‘But many things are needed, of course. We need to talk about the qualifying period for sick pay in relation to absences caused by menstruation, for example. We need more research about menstruation-related conditions and more aid money could be allocated to menstruation-related efforts.’
Chris Bobel is a professor of women’s, gender, and sexuality studies at the University of Massachusetts in Boston. She is also the president of the Society for Menstrual Cycle Research (SMCR), a transnational organisation that promotes research about menstruation. When I meet her in Boston in June 2015, at the menstruation conference that SMCR organises every other year, she is on the go, with glowing cheeks, ruffled hair, and a happy smile. Almost exactly one year later, she writes in an email about the dramatic increase in media attention for the issue of menstruation in the US during the last few years. She calls the extensive feature on menstruation in the magazine Newsweek in April 2016 ‘HISTORIC!’ A vicious circle of silence may have been broken, she thinks: ‘I think the marginalization of the research is the consequence of the devious brilliance of the menstrual stigma. Ignorance breeds shame and shame breeds ignorance.’

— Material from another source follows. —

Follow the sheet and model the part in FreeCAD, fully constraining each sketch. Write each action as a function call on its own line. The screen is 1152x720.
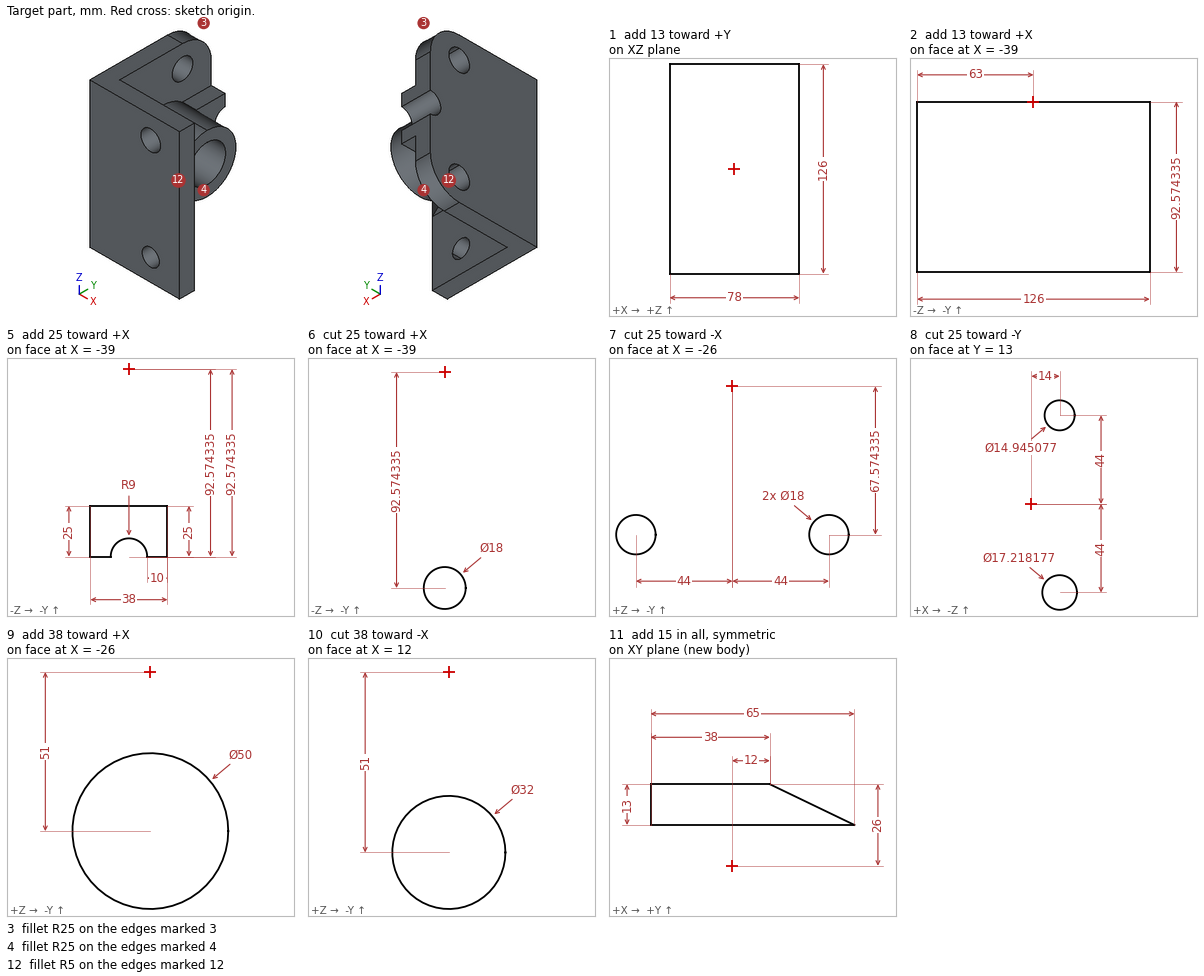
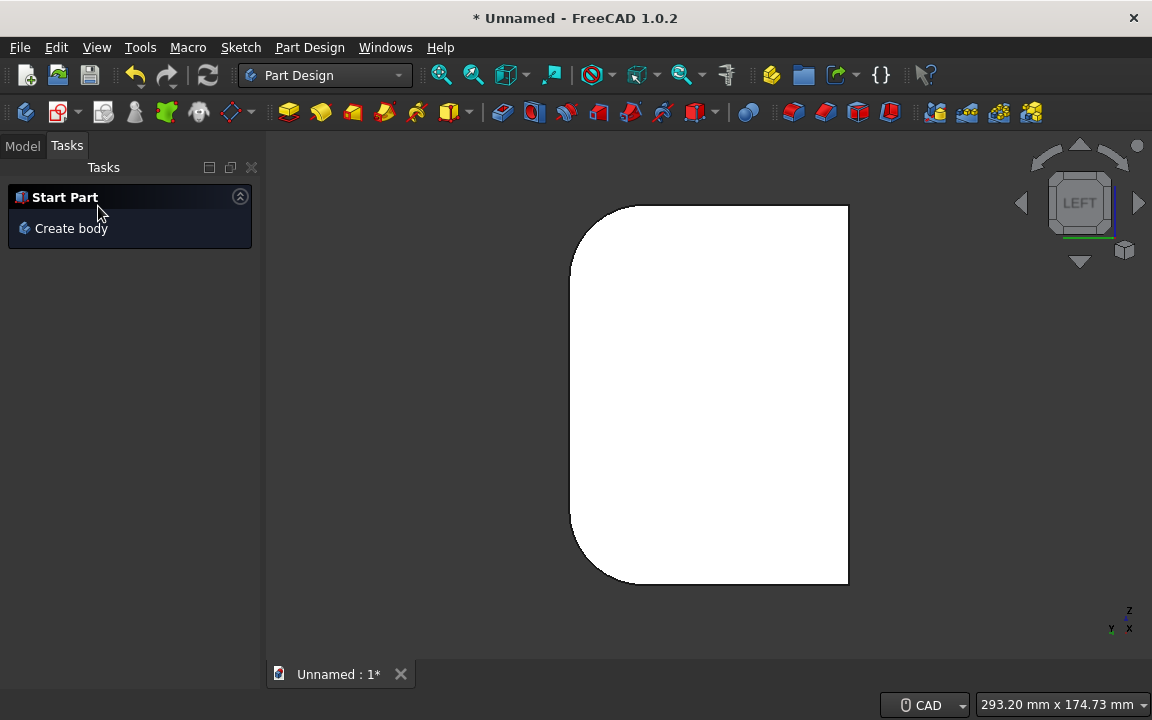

In the book New Blood: Third-Wave Feminism and the Politics of Menstruation (2010), she examines the place of menstruation in the feminist movement in the US today. She divides the feminists interested in menstruation into two categories. Those she calls ‘feminist-spiritualists’ embrace menstruation as a source of female pride. The ‘radical feminists’ separate menstruation from the gendered body and talk about menstruators, not women. She also writes via email: ‘Feminists of the previous generation were leery of drawing attention to menstruation – for fear that it would be used against women. There were feminists who addressed menstruation, but they were largely marginal. This does seem to be shifting now.’ A little later, she continues: ‘I just hope that we don’t cede this movement to the product makers.’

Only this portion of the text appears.